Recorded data
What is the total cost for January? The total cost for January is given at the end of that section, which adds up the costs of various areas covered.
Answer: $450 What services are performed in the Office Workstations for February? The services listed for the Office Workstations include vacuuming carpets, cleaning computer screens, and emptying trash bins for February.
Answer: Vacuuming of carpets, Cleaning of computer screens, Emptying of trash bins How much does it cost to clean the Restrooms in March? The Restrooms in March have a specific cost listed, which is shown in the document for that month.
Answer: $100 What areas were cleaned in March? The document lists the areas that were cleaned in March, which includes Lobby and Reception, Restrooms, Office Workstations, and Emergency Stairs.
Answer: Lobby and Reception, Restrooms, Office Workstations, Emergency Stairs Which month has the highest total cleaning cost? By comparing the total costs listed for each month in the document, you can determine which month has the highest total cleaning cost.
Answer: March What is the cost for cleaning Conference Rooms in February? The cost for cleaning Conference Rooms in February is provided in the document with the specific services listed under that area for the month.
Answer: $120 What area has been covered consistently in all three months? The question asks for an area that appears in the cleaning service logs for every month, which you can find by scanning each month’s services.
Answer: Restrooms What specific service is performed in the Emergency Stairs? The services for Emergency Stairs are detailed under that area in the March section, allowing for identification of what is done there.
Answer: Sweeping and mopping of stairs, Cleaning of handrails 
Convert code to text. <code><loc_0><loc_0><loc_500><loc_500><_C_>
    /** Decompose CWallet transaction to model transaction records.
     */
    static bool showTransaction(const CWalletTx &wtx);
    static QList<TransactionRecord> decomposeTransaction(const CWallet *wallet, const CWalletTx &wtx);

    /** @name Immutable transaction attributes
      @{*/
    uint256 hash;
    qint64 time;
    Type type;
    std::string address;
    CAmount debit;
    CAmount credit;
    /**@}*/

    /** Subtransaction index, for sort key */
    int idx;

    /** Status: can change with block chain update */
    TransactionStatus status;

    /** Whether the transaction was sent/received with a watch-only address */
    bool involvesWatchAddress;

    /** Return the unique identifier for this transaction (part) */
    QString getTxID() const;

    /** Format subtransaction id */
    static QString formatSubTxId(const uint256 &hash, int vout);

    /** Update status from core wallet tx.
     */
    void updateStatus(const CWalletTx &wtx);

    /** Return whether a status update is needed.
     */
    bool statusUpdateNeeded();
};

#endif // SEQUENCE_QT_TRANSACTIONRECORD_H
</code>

Try it
Only these are to be transcribed: the line with "bool involvesWatchAddress;" and every line after it through the last line of the entries, each exactly.

Expected answer
    bool involvesWatchAddress;

    /** Return the unique identifier for this transaction (part) */
    QString getTxID() const;

    /** Format subtransaction id */
    static QString formatSubTxId(const uint256 &hash, int vout);

    /** Update status from core wallet tx.
     */
    void updateStatus(const CWalletTx &wtx);

    /** Return whether a status update is needed.
     */
    bool statusUpdateNeeded();
};

#endif // SEQUENCE_QT_TRANSACTIONRECORD_H
</code>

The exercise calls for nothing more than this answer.